* Task statement
Retype nothing except the lines below from the one with "The image size is (924, 1307)." through the one with "Given: Click on", exactly, with images left out.

* Input records
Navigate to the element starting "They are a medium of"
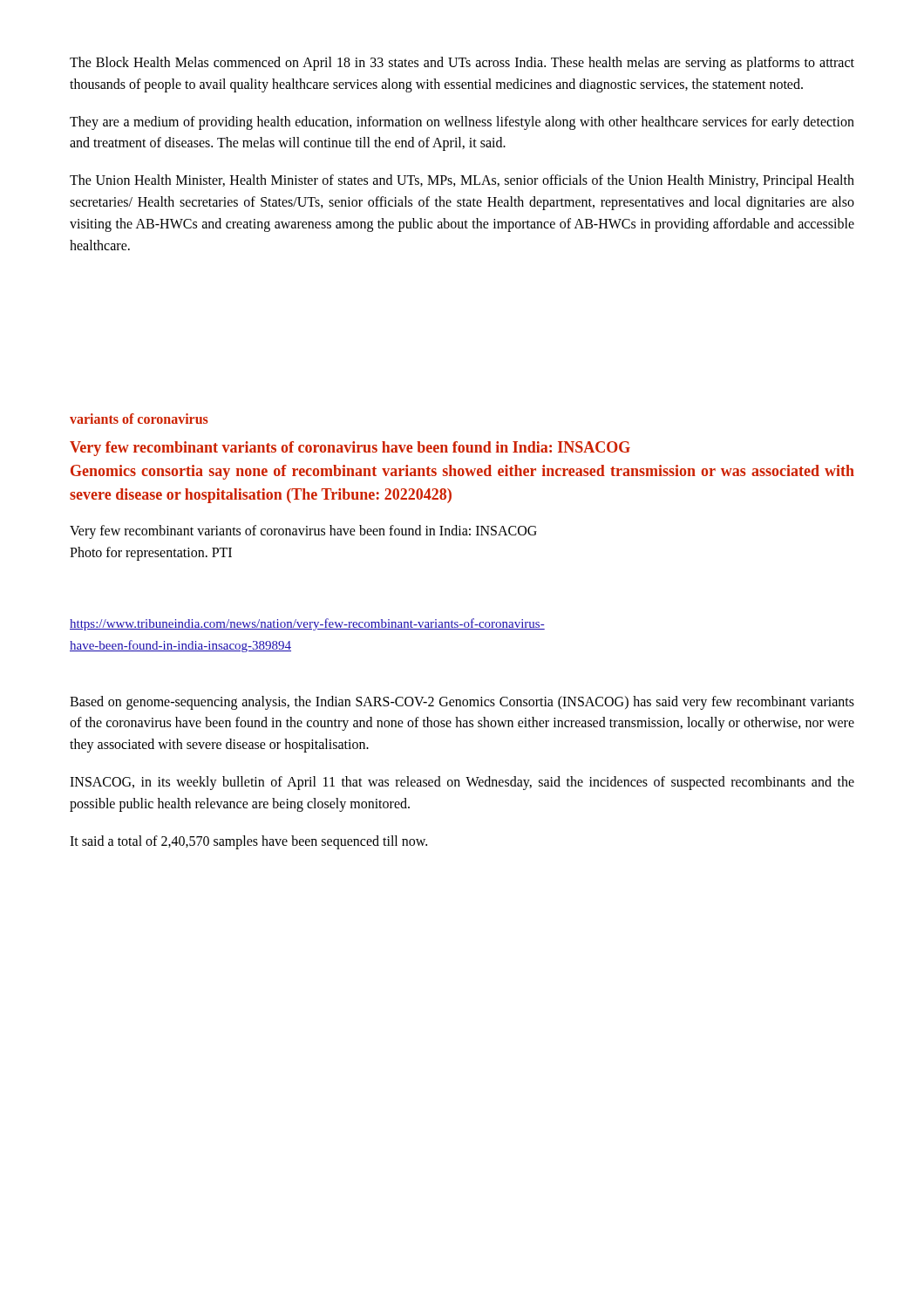The image size is (924, 1308). [462, 132]
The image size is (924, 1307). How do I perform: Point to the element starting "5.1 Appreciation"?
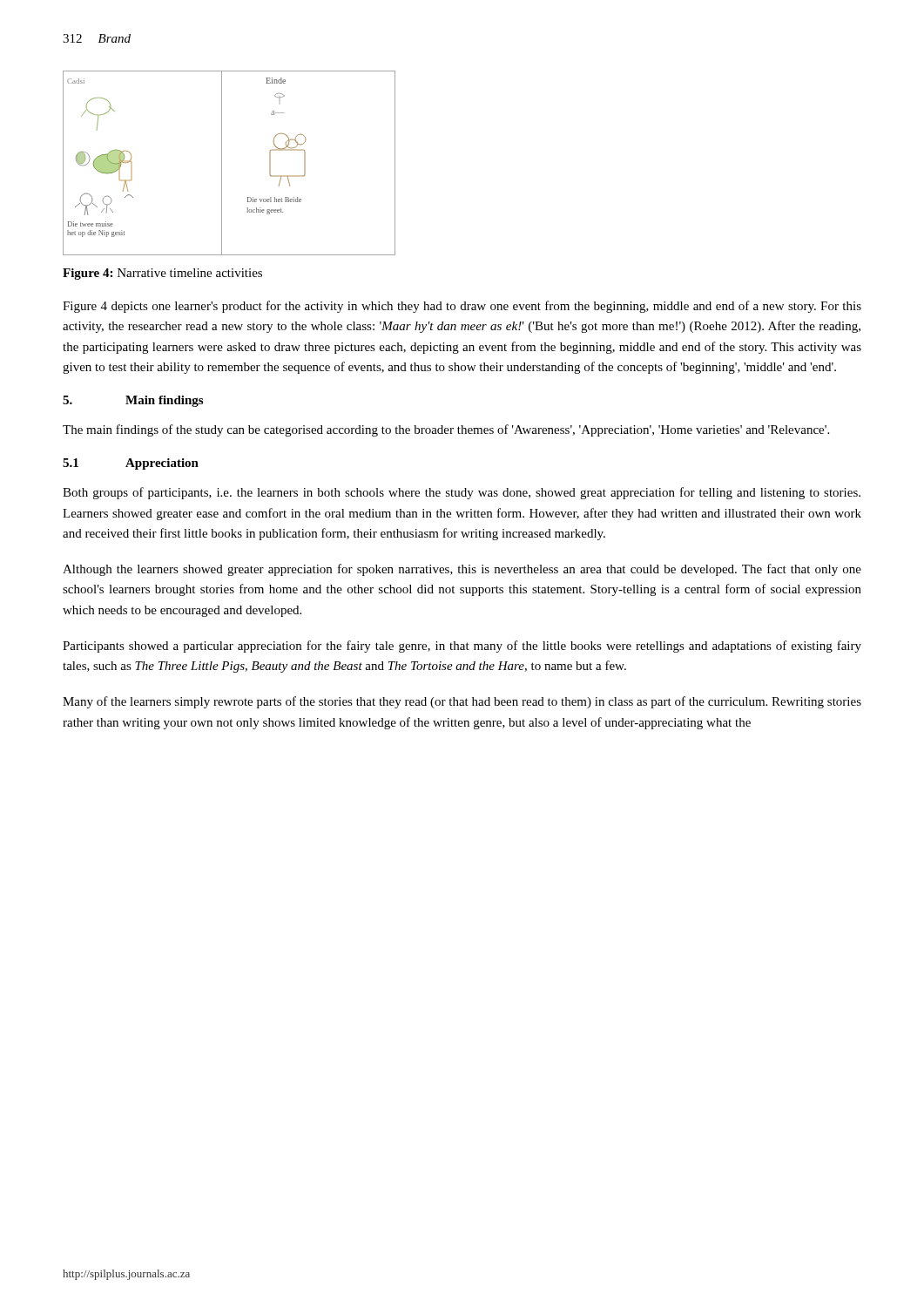coord(131,463)
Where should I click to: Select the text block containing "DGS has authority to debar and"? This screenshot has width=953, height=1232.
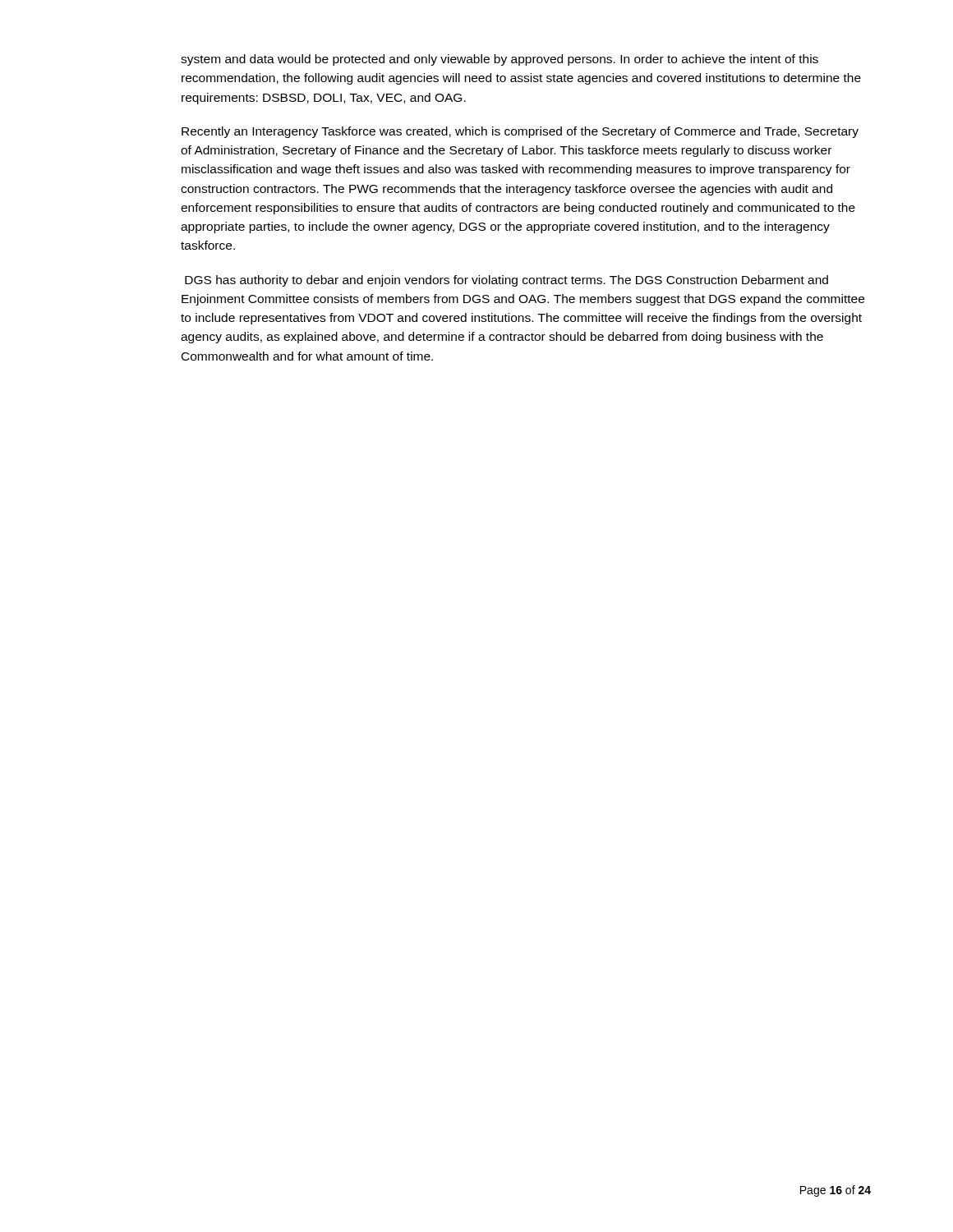523,317
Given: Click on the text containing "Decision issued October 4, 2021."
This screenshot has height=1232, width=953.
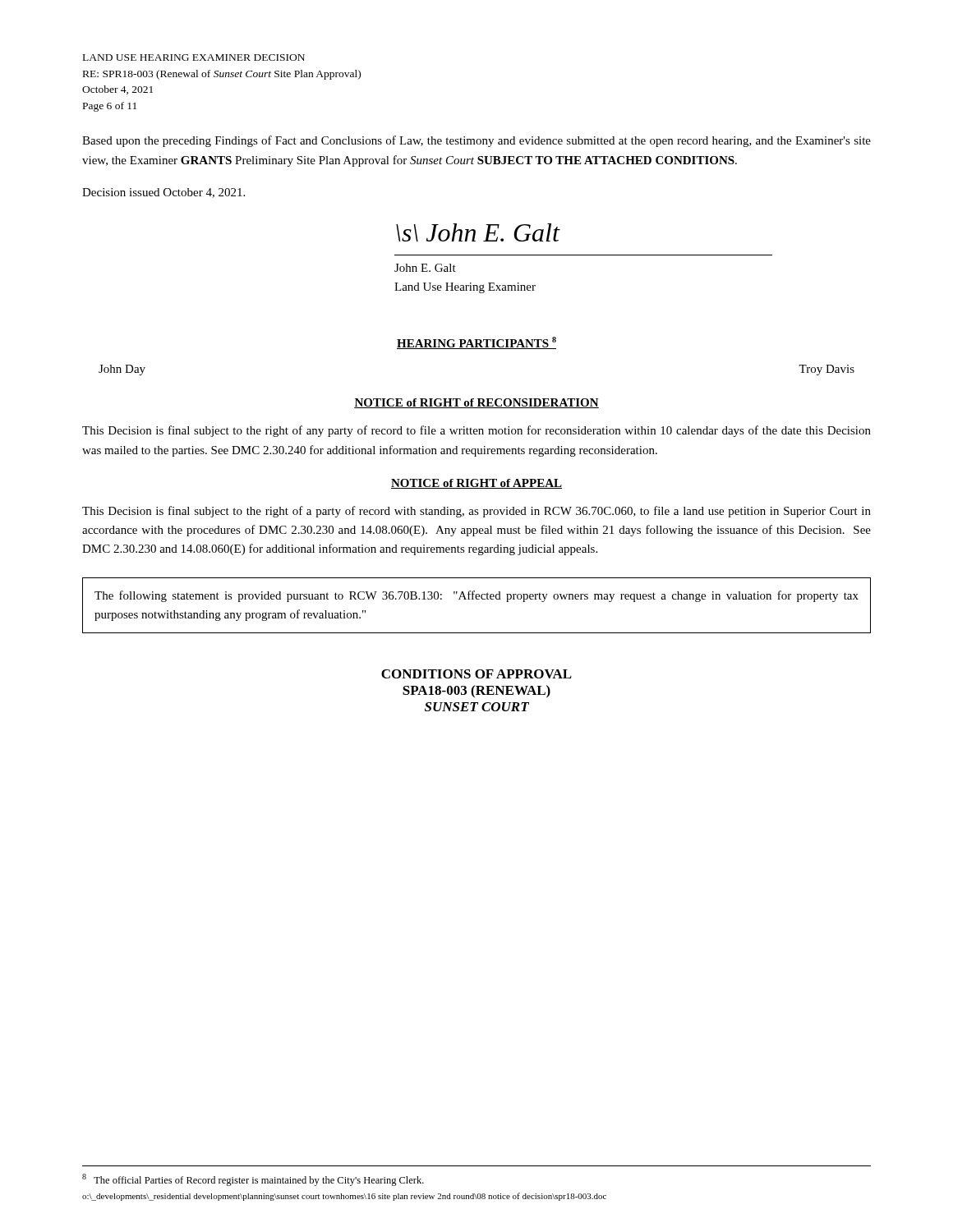Looking at the screenshot, I should tap(164, 192).
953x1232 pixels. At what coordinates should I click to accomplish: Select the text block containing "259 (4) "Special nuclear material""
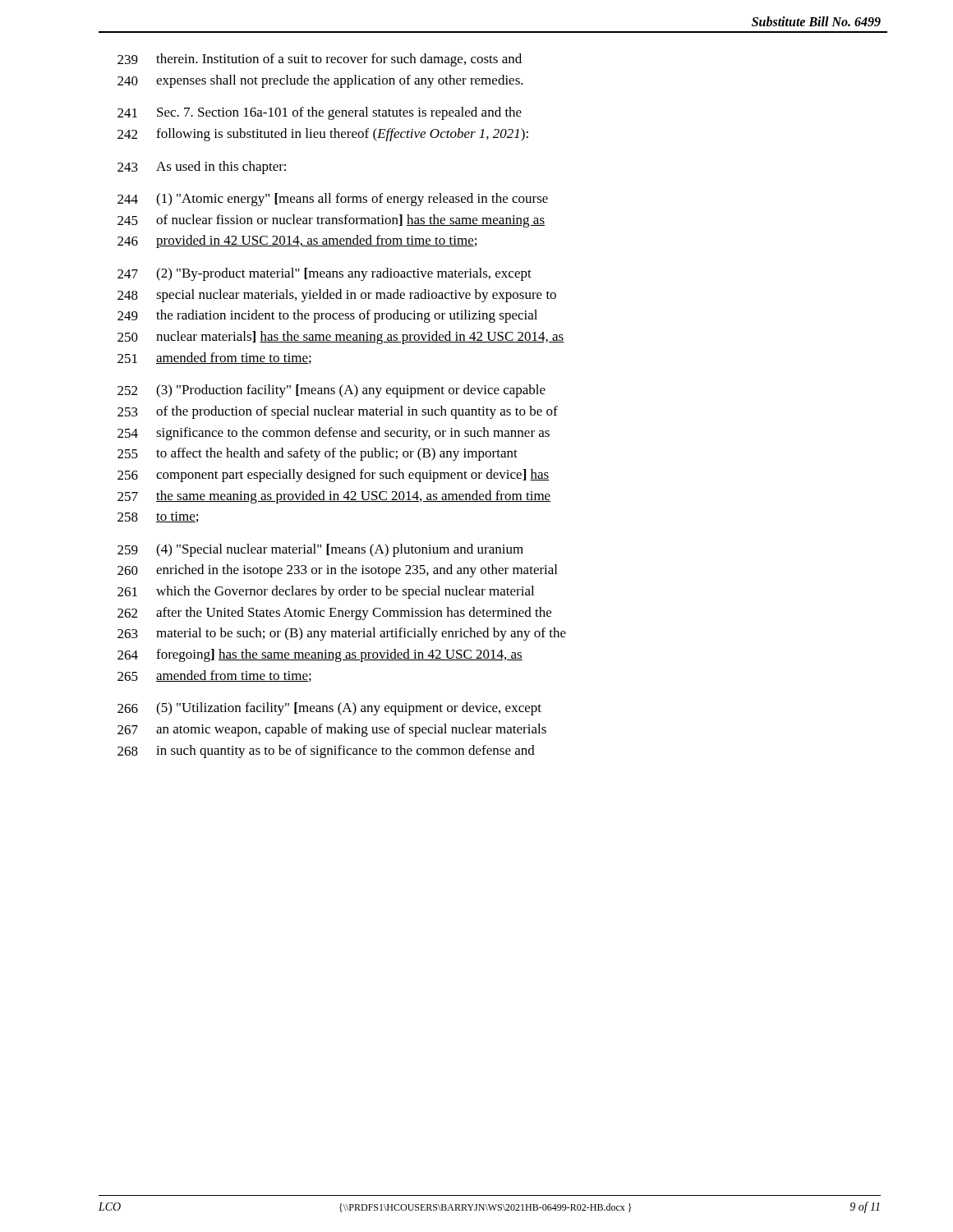(x=490, y=613)
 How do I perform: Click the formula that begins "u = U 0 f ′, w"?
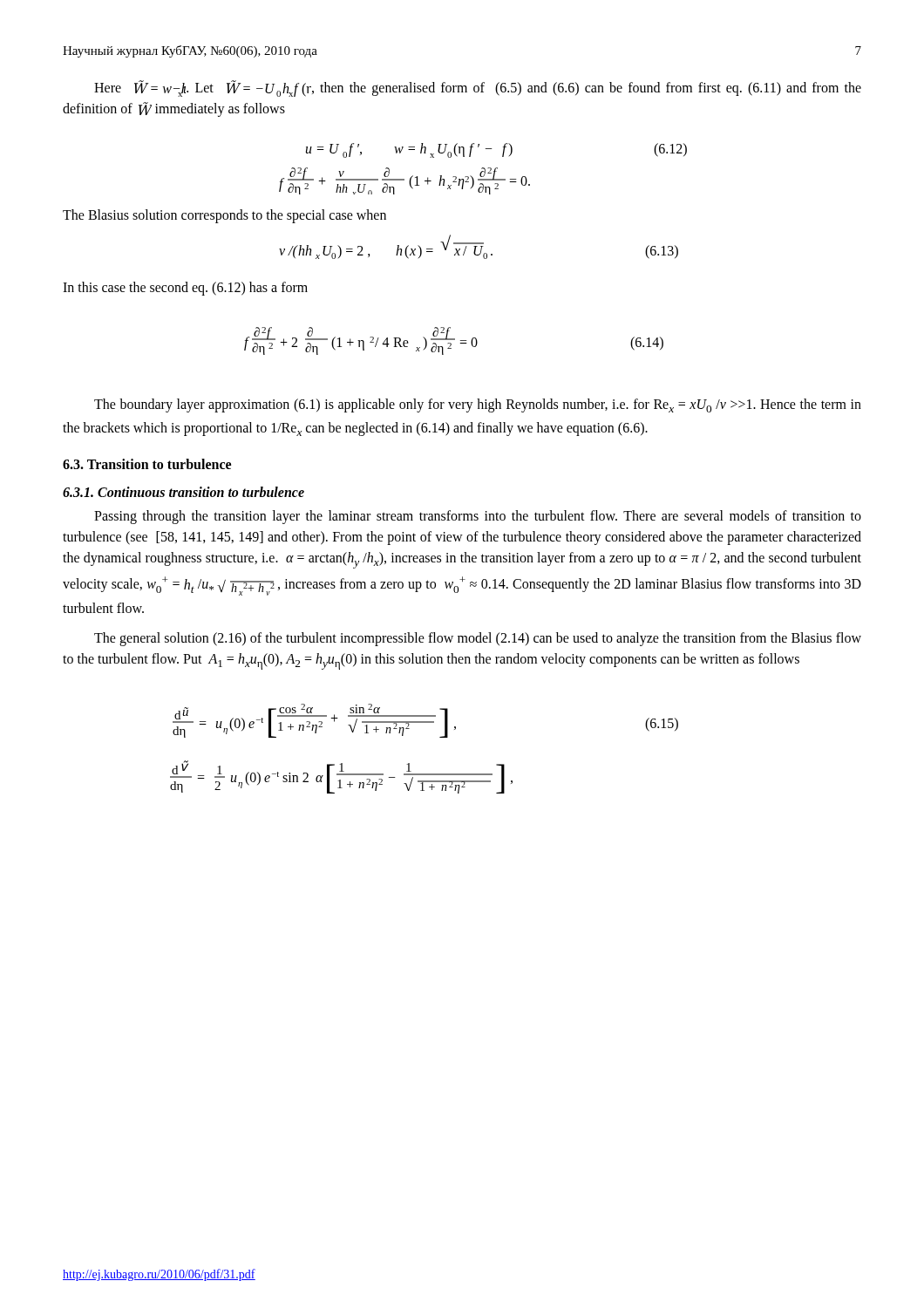point(462,163)
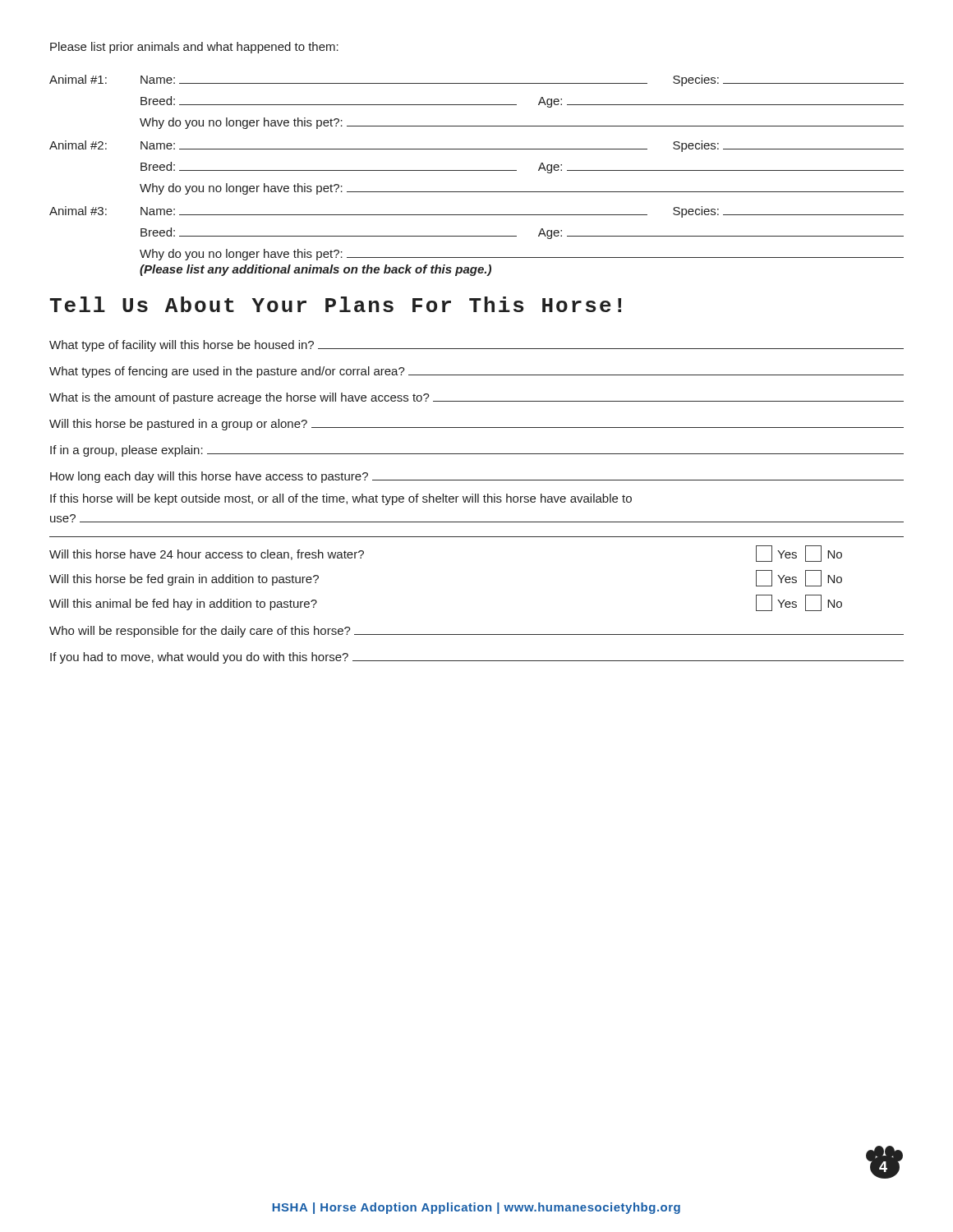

* Solved exercise
The image size is (924, 1307). How do I perform: Point to the element starting "5.1 Appreciation"?
coord(131,463)
Where should I click to: Select the text block containing "DGS has authority to debar and"? This screenshot has width=953, height=1232.
523,317
Given: Click on the text containing "Decision issued October 4, 2021."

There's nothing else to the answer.